POST /v1/completions

Provides single prompt text completions (legacy OpenAI style, not conversational).

Request Format:

{
"prompt": "Write a short story about",
"model": "sulla",
"max_tokens": 100,
"temperature": 0.7
}

Response Format:

{
"id": "cmpl-123",
"object": "text_completion",
"created": 1234567890,
"model": "sulla",
"choices": [
{
"text": " a brave knight who...",
"index": 0,
"logprobs": null,
"finish_reason": "stop"
}
],
"usage": {
"prompt_tokens": 5,
"completion_tokens": 20,
"total_tokens": 25
}
}

Example:

curl -X POST http://localhost:3000/v1/completions \
-H "Content-Type: application/json" \
-d '{
"prompt": "Once upon a time",
"model": "sulla"
}'

POST /v1/embeddings

Generates vector embeddings for text input using configured Ollama embedding models.

Request Format:

{
"input": "Text to embed" | ["Text 1", "Text 2"],
"model": "nomic-embed-text",
"user": "optional-user-id"
}

Response Format:

{
"object": "list",
"data": [
{
"object": "embedding",
"embedding": [0.123, -0.456, ...],
"index": 0
}
],
"model": "nomic-embed-text",
"usage": {
"prompt_tokens": 3,
"total_tokens": 3
}
}

Example:

curl -X POST http://localhost:3000/v1/embeddings \
-H "Content-Type: application/json" \
-d '{
"input": "Hello world",
"model": "nomic-embed-text"
}'

POST /v1/moderations

Checks content for harmful or inappropriate material.
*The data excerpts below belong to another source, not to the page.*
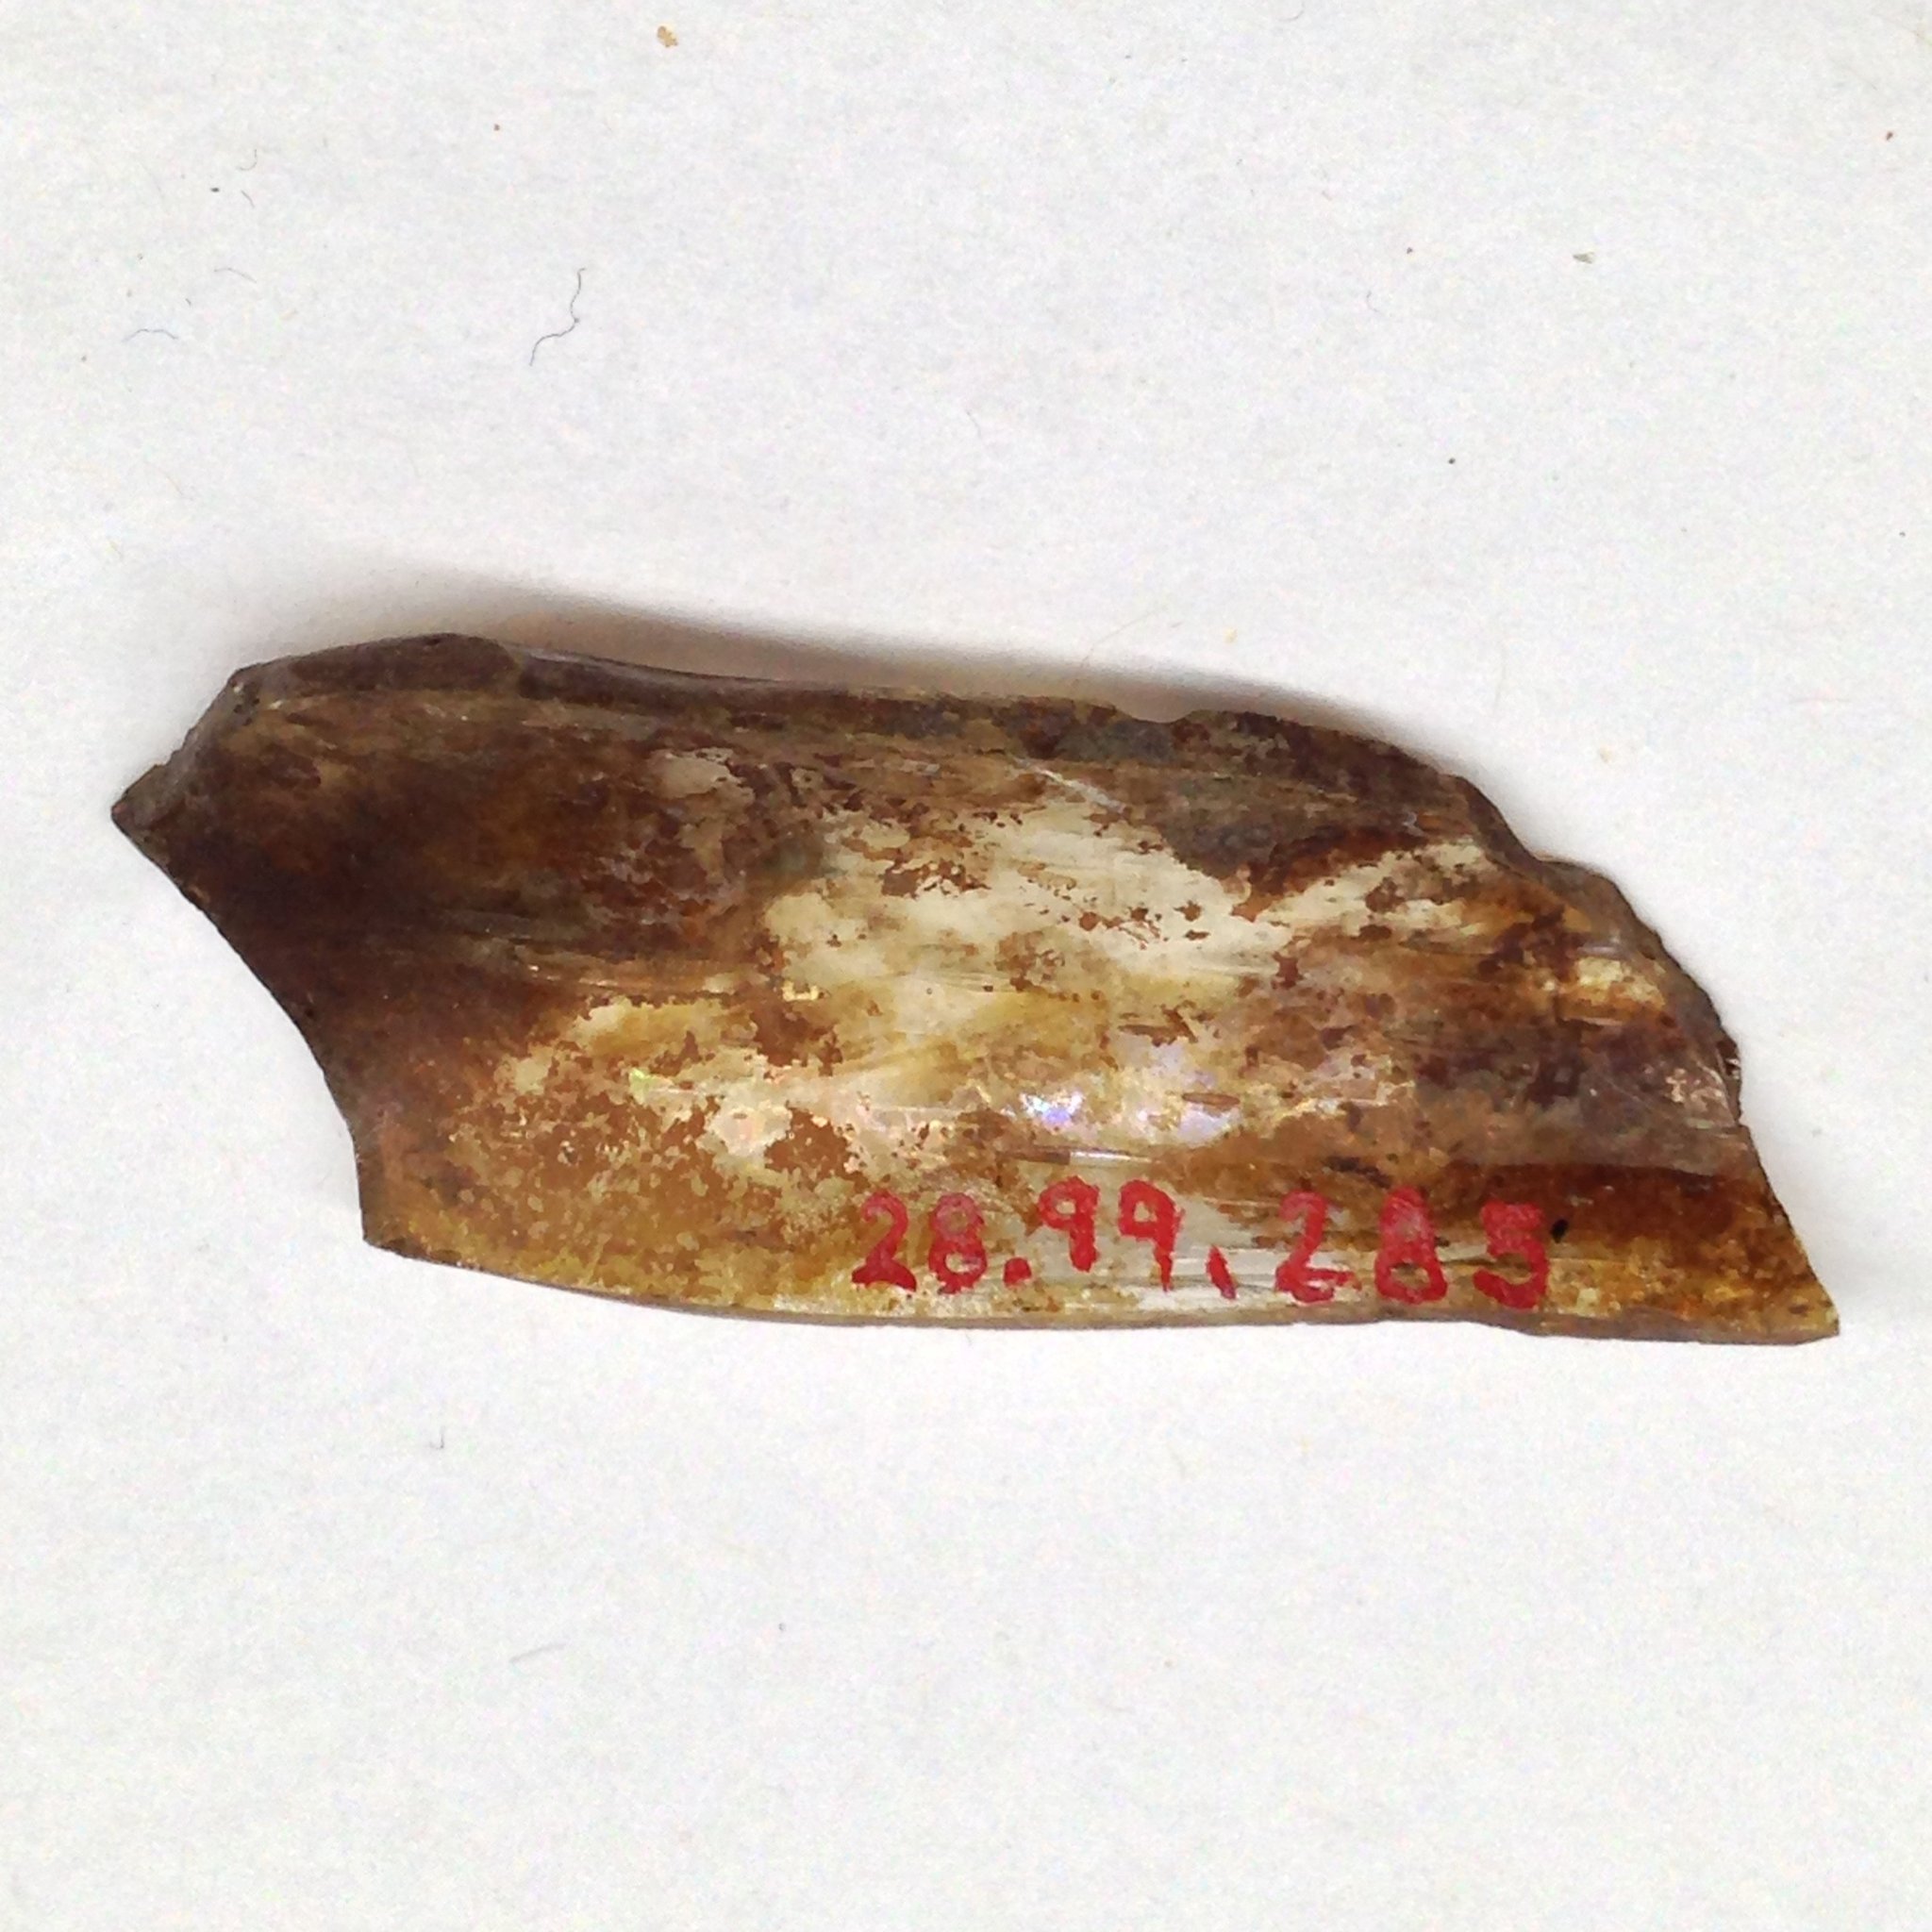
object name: fragment
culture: european or middle eastern
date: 1150-1250
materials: ceramic, glass

This implementation returns safe results for all inputs (not using OpenAI's actual moderation service).

Request Format:

{
"input": "Text to moderate" | ["Text 1", "Text 2"]
}

Response Format:

{
"id": "modr-123",
"model": "text-moderation-stable",
"results": [
{
"categories": {
"hate": false,
"hate/threatening": false,
"self-harm": false,
"sexual": false,
"sexual/minors": false,
"violence": false,
"violence/graphic": false
},
"category_scores": {
"hate": 0.0,
"hate/threatening": 0.0,
"self-harm": 0.0,
"sexual": 0.0,
"sexual/minors": 0.0,
"violence": 0.0,
"violence/graphic": 0.0
},
"flagged": false
}
]
}

Example:

curl -X POST http://localhost:3000/v1/moderations \
-H "Content-Type: application/json" \
-d '{
"input": "This is a test message"
}'

Supported Models

  • Ollama Models: Filtered by available CPU cores and RAM (tinyllama, llama2, llama3, codellama variants)
  • Remote Models: Grok models (if Grok API key configured), OpenAI models (if OpenAI API key configured)

Error Handling

All endpoints return standard HTTP status codes and JSON error responses:

{
"error": {
"message": "Error description",
"type": "error_type"
}
}

Common error types: invalid_request_error, internal_error

Integration API Endpoints

The same server also hosts integration API endpoints for calling third-party APIs (YouTube, GitHub, Postmark, etc.) with managed credentials. See Integrations API for full documentation.